Teaching Black Men How To Talk To Their Sons About Sex
Antonio Pickard is a father of seven, including four boys, ages 13 to 18. He may not have the answers to all of his sons’ questions, but he wants them to be prepared in at least one area: sex.
“I know that when my boys actually decide that they're ready, I'm going to show them the same way my dad showed me, with a broom and a condom,” he said. “It ain’t no excuse for you not knowing how to use this or how to do this.”
People underestimate the power and influence of parents that still is real. The issue is parents don't feel that they have this voice or that they're valued. -Tanya Coakley
Pickard is one four men inside the basement of Razor Line barbershop in Greensboro on a recent Saturday. The group of fathers sit together and talk about ways to ease into these difficult conversations with their sons.
The class’s location is no accident. Barbershops are pillars in the African-American community, places where men go not only to get their hair cut but also to talk about everything from politics to movies to sports. Leading the conversation is University of North Carolina at Greensboro professor Tanya Coakley, who is conducting a study on how black men talk to their sons about sexual health. She said she wants to give black men a voice.
“One of the things in research is that it's difficult to find and then involve or engage African-American men in research,” said Coakley, who teaches in the Department of Social Work. “We go to where black men may be.”

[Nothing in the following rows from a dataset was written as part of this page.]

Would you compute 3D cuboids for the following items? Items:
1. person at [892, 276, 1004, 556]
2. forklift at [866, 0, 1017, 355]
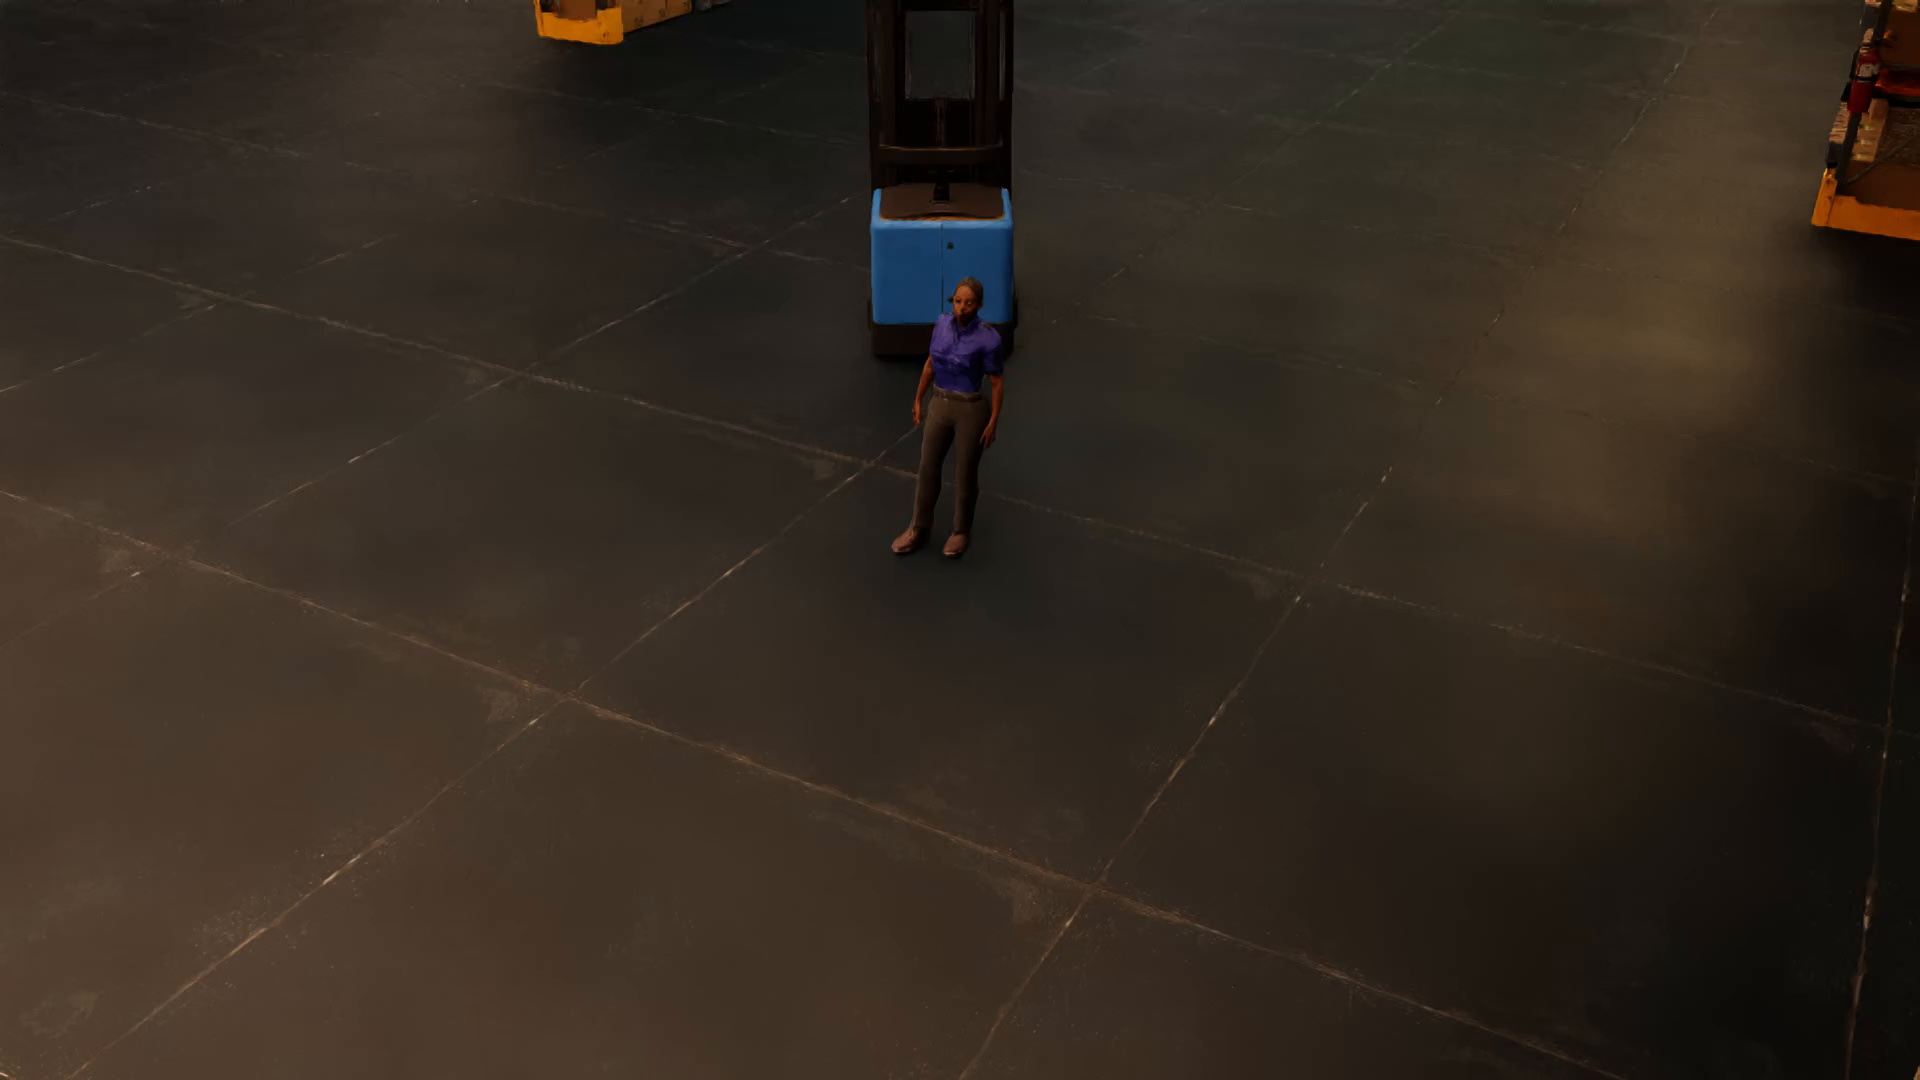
[{"bbox_3d":[-0.060,-0.689,9.528,0.570,1.654,0.503,15,33,25],"label":"person"},{"bbox_3d":[-0.152,-3.329,12.839,1.130,2.935,3.031,-1,30,-1],"label":"forklift"}]
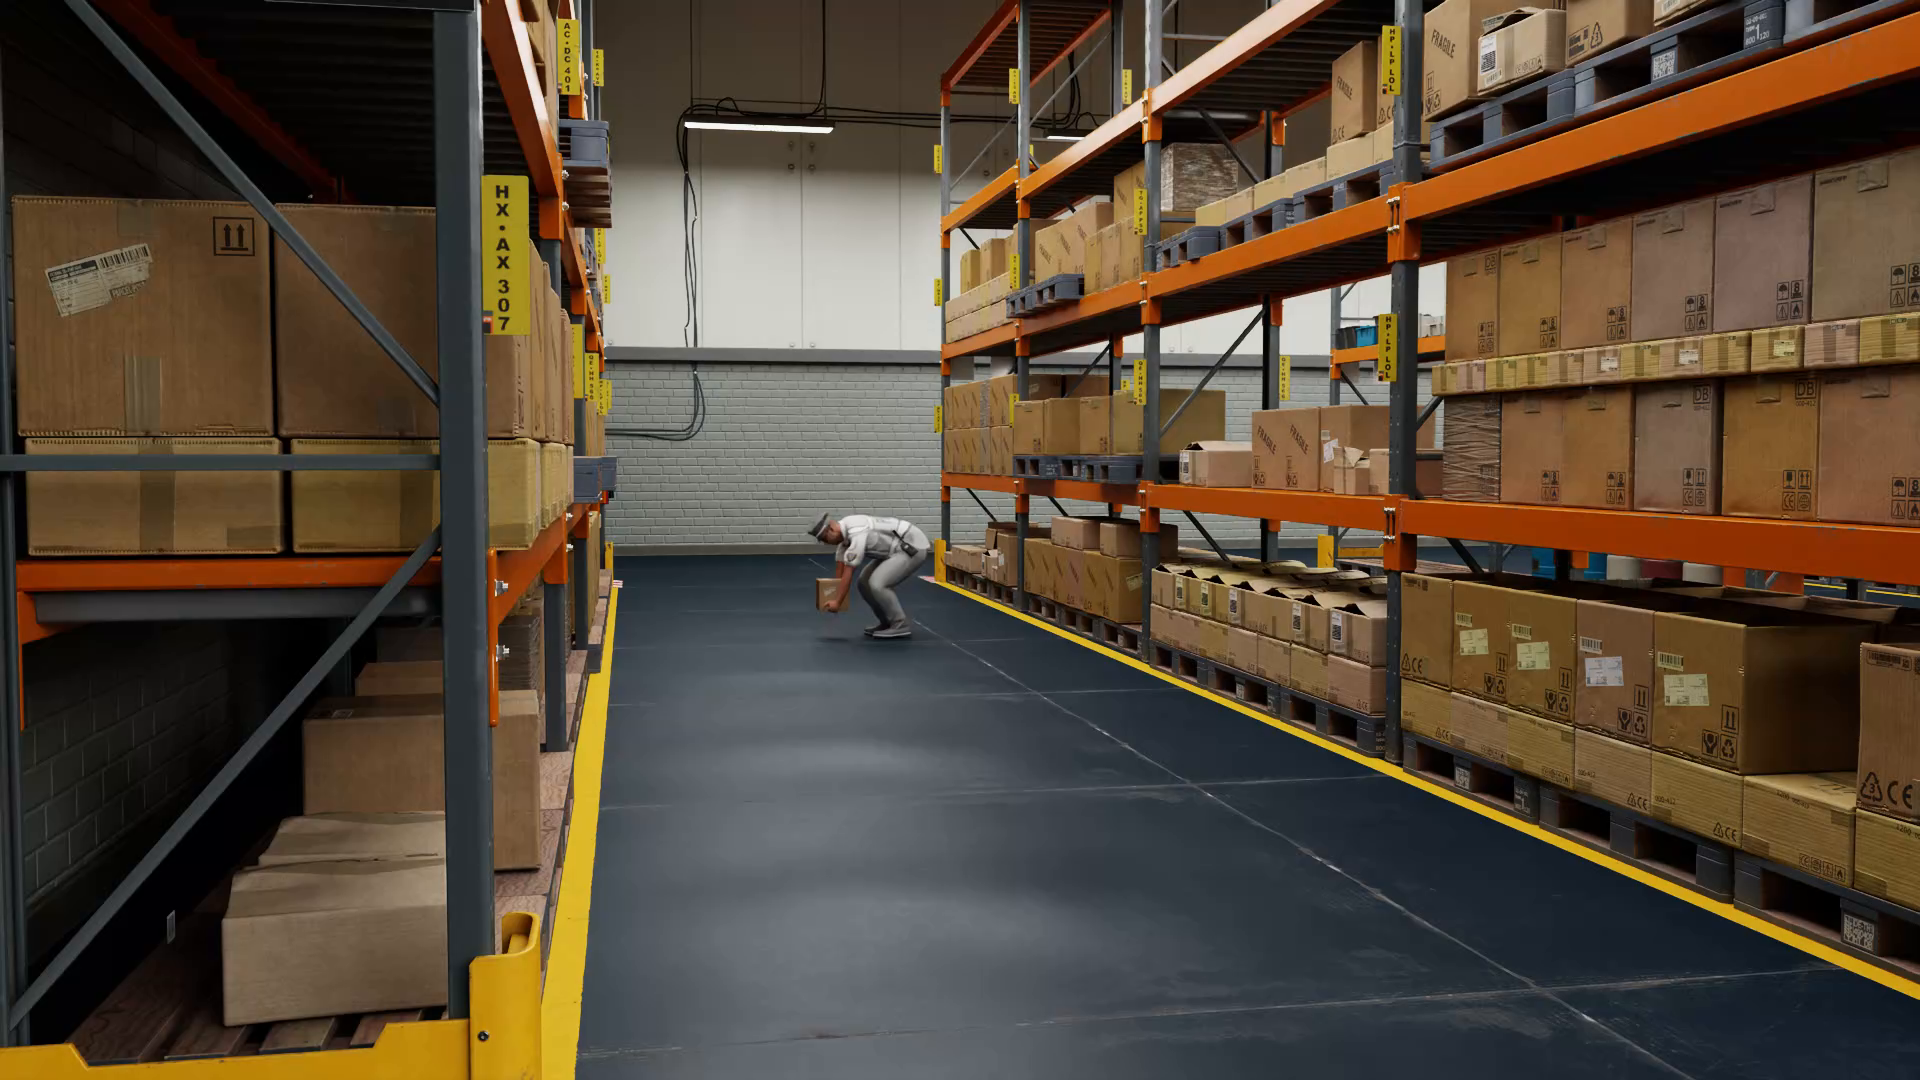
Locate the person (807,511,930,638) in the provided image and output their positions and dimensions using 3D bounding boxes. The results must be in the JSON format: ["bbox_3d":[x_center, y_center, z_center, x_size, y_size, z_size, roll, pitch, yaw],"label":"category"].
[{"bbox_3d":[-0.767,0.283,13.847,1.031,1.054,0.517,-1,3,-14],"label":"person"}]

For Coakley, barbershops seemed to be the place to go. She and her team partnered with various barbershops in Greensboro, Charlotte and Reidsville to recruit men for her study.
Heads Up Barbershop in Greensboro is another one of the shops in her network. Douglas Morton is the owner and said he was eager to help Coakley find participants.
“Any time you're partnering with the community and you’re partnering with men and helping them to teach young men something, I think that's a wonderful effort,” he said. “I think it's needed, not just a good effort, it's needed.”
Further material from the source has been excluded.